P.S: Benvenuto  :Wink: 

----------

## edux

Non è che magari alsamixer è muto?

----------

## tizio

 *micio wrote:*   

> 
> 
> Infine quando mi loggo come utente, che sia nel terminale che in gnome, non mi permette di fare SU oppure di aprire applicazioni particolari xkè mi risponde sempre che la password è errata.
> 
> 

 

se nella password hai caratteri particolari il problema potrebbe essere che durante l'installazione avevi una tastiera con un keymap diverso da quello italiana... quella americana probabilmente... quindi ora i tasti non corrispondono...

avevo fatto anche io la stessa cavolata

per quel che riguarda alsa hai emerso i pacchetti relativi? 

io ho alsa-utils alsa-headers alsa-tools e alsa-oss... non credo siano indispensabili tutti però

----------

## edux

Per quanto riguarda il masterizzatore, controlla di avere i permessi di accesso in lettura e scrittura, dovresti essere nel gruppo cdrom e controllare che tale gruppo abbia i permessi.

----------

## micio

No ho controllato alsamixer.. cmq quando clicco sull'iconcina del controllo volume di gnome mi dice queste cose

Non è stato trovato alcun elemento e/o device per regolare il volume.
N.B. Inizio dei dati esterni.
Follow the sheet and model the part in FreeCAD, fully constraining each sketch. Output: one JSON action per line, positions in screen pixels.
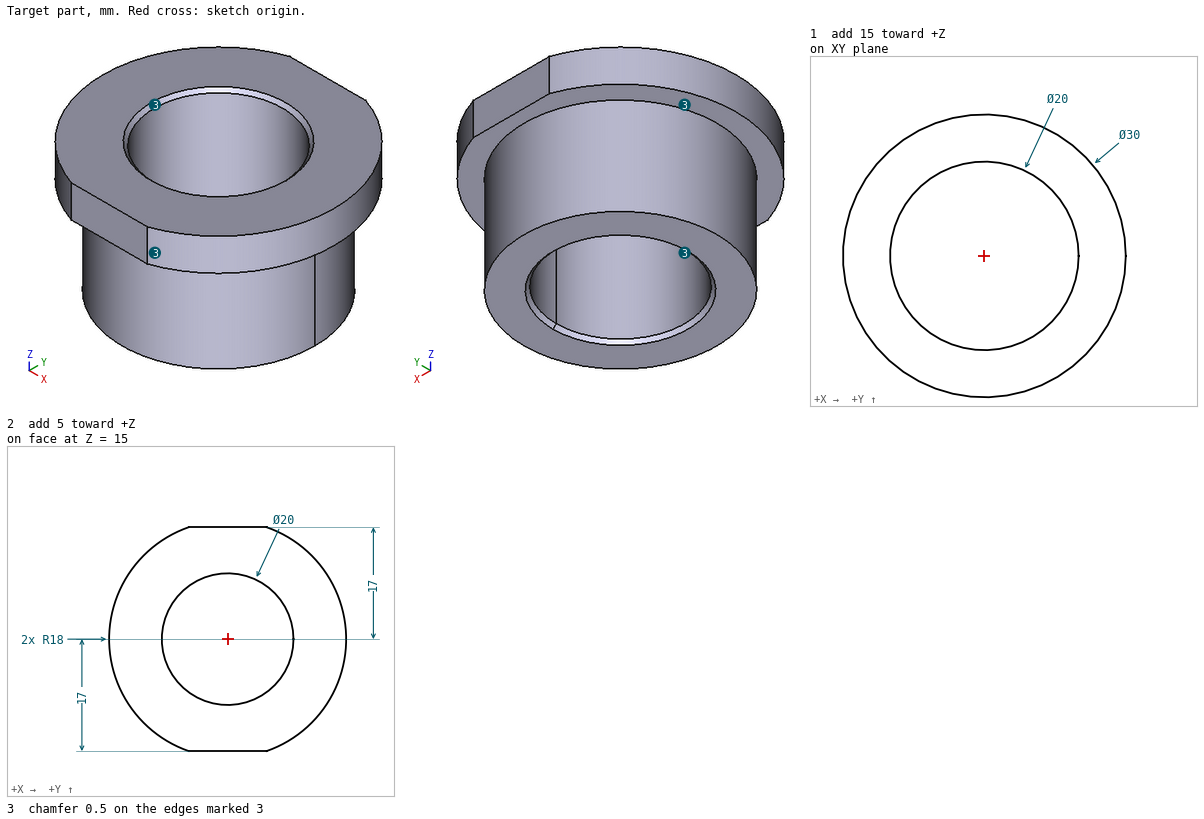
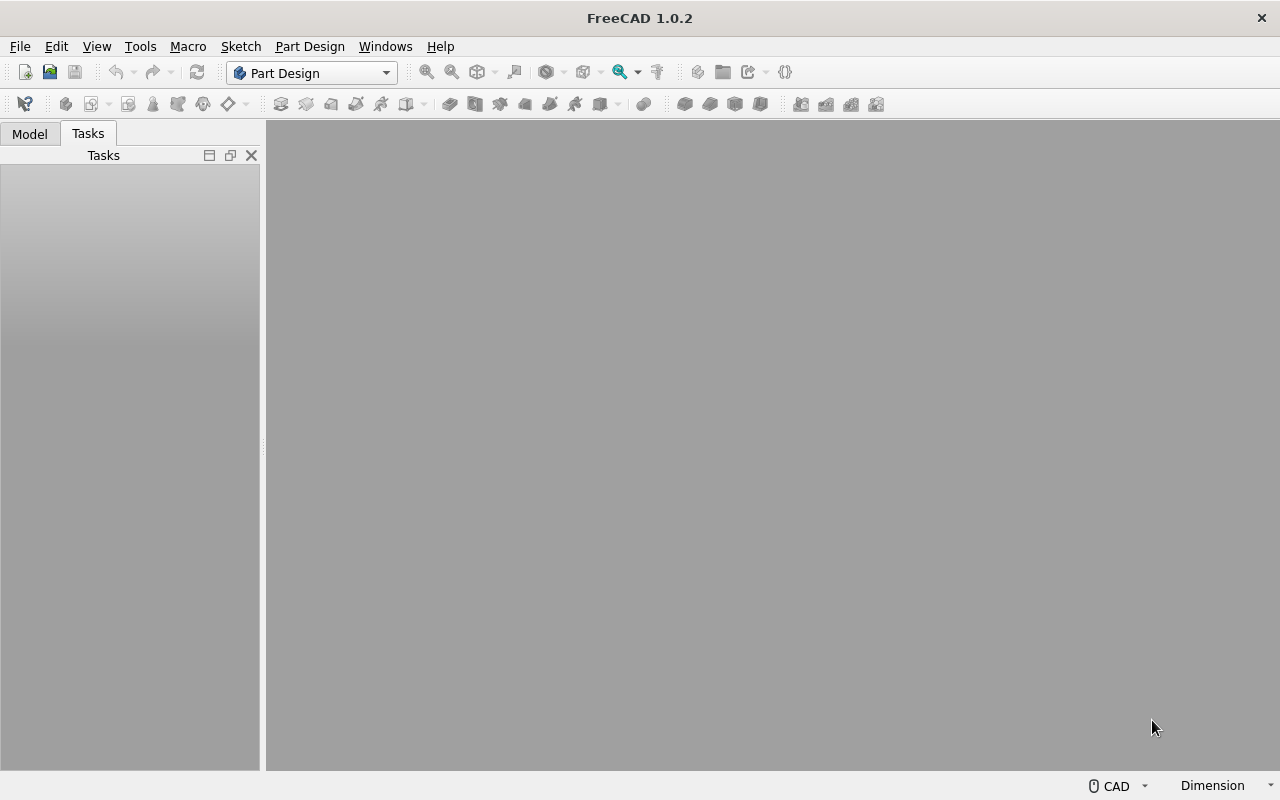
{"action": "left_click", "coordinate": [25, 72]}

Ciò significa o che non si ha installato il corretto plugin di GStreamer, o che la scheda audio in uso non è configurata.

È possibile rimuovere l'elemento di regolazione del volume dal pannello facendo clic col tasto destro sull'icona dell'altoparlante e selezionando «Rimuovi dal pannello» dal menù.

Tengo a sottolineare che gstreamer è installato (magari mi manca il plugin x gli mp3 ma nn legge nessun file multimediale), per quanto riguarda il problema del dvd nn sapete aiutarmi?? 

Cmq devo dire che siete proprio veloci!! un gran bel forum davvero e grazie x il benvenuto  :Smile: 

Micio[/post]

----------

## edux

Qual è la tua scheda audio? E quale driver hai installato con alsa?

----------

## micio

questa è la mia scheda audio

00:0d.0 Multimedia audio controller: Ensoniq ES1370 [AudioPCI] (rev 01)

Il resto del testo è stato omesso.